Why agents learning new tool usage from docs inherit whatever's in those docs

The Conventional Framing

Tool Learning enables agents to learn how to use new tools from documentation. Instead of hardcoding tool knowledge, the agent reads API docs, examples, and guides to understand how to invoke unfamiliar tools.

The pattern is praised for extensibility—agents can adapt to new tools without retraining or code changes.

Why This Is Dangerous

The documentation the agent learns from is untrusted input. If docs are compromised, the agent learns compromised behaviors. Malicious usage patterns become part of the agent's understanding of how to use the tool.

Worse, learned behaviors persist. The agent doesn't just follow the bad docs once—it incorporates them into its model of how the tool works for all future uses.

Why this is particularly risky:

Persistence. Bad learning persists across sessions if the agent maintains tool knowledge.
Authority inheritance. The agent uses the tool with whatever authority it has—executing what the docs taught it.
Third-party docs. Tool documentation often comes from third parties. You don't control what's in those docs.

Architecture

Components:

Documentation source— API docs, examples, guides
Learning process— agent reads and internalizes docs
Tool knowledge store— learned usage patterns
Tool invocation— agent uses tool based on learned knowledge

Trust Boundaries

Documentation Sources: ├── Official API docs (hopefully trustworthy) ├── Community examples (who wrote these?) ├── Stack Overflow answers (anonymous contributors) └── Third-party tutorials (unknown provenance) All of these feed into agent's understanding. Malicious examples become learned behavior. Agent executes what it learned.

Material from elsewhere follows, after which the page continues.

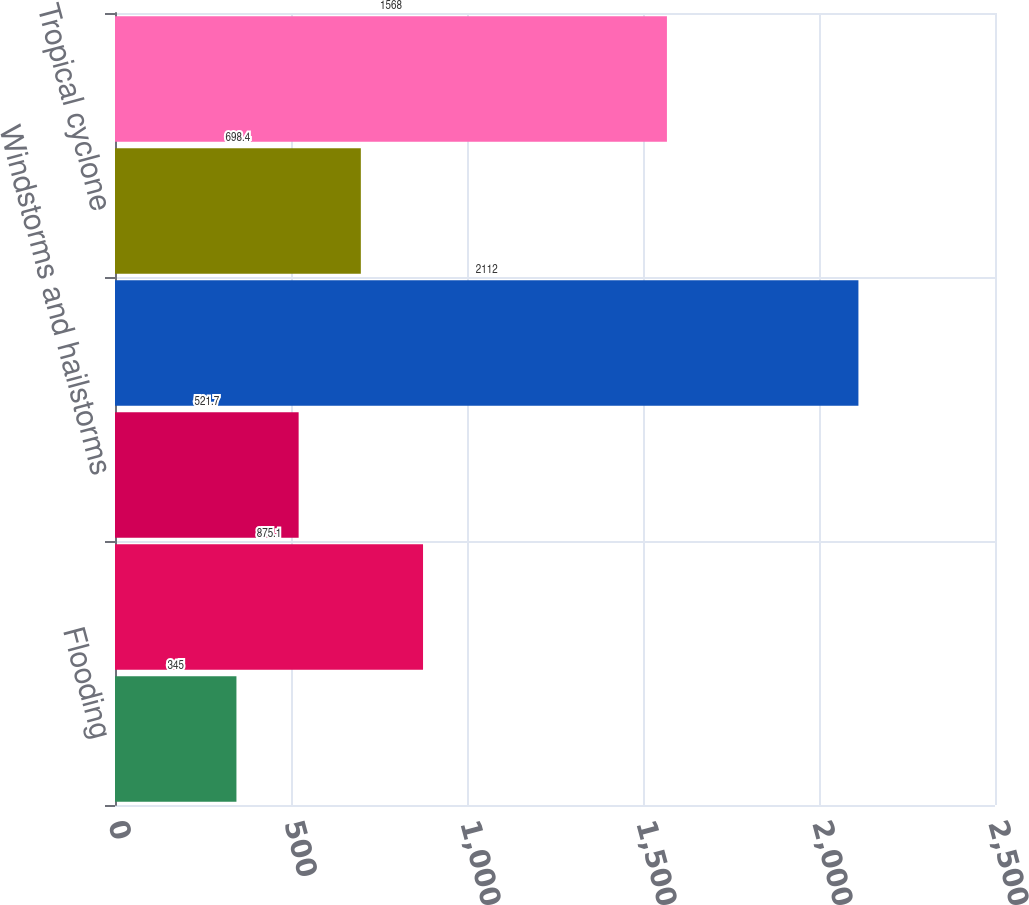<chart> <loc_0><loc_0><loc_500><loc_500><bar_chart><fcel>Flooding<fcel>Total catastrophe-related<fcel>Windstorms and hailstorms<fcel>Tropical cyclone (b)<fcel>Tropical cyclone<fcel>Earthquakes (c)<nl><fcel>345<fcel>875.1<fcel>521.7<fcel>2112<fcel>698.4<fcel>1568<nl></chart>

Docs → Learning — untrusted docs become learned patterns
Learning → Knowledge — malicious patterns persist
Knowledge → Invocation — learned behavior executed with authority

Threat Surface

Threat	Vector	Impact
Documentation poisoning	Malicious examples in tool docs	Agent learns to use tool maliciously
Persistent bad behavior	Learned patterns persist across sessions	One-time poisoning, ongoing exploitation
Supply chain attack	Compromise third-party documentation source	All agents learning from that source compromised
Capability manipulation	Docs describe capabilities tool doesn't have	Agent attempts unauthorized operations

The ZIVIS Position

•
Docs are untrusted input.Treat documentation the same as any other external input. It can contain injections, malicious examples, or misleading information.
•
Prefer curated tool knowledge.Hardcoded, reviewed tool definitions are more secure than dynamic learning. Less flexible, more secure.
•
Validate learned behaviors.If you must do tool learning, validate the learned patterns before allowing execution. What did the agent learn, and is it safe?
•
Control documentation sources.If the agent learns from docs, you control which docs. Don't let it learn from arbitrary internet sources.

What We Tell Clients

Tool learning trades security for flexibility. Every documentation source is a potential injection vector, and learned behaviors persist.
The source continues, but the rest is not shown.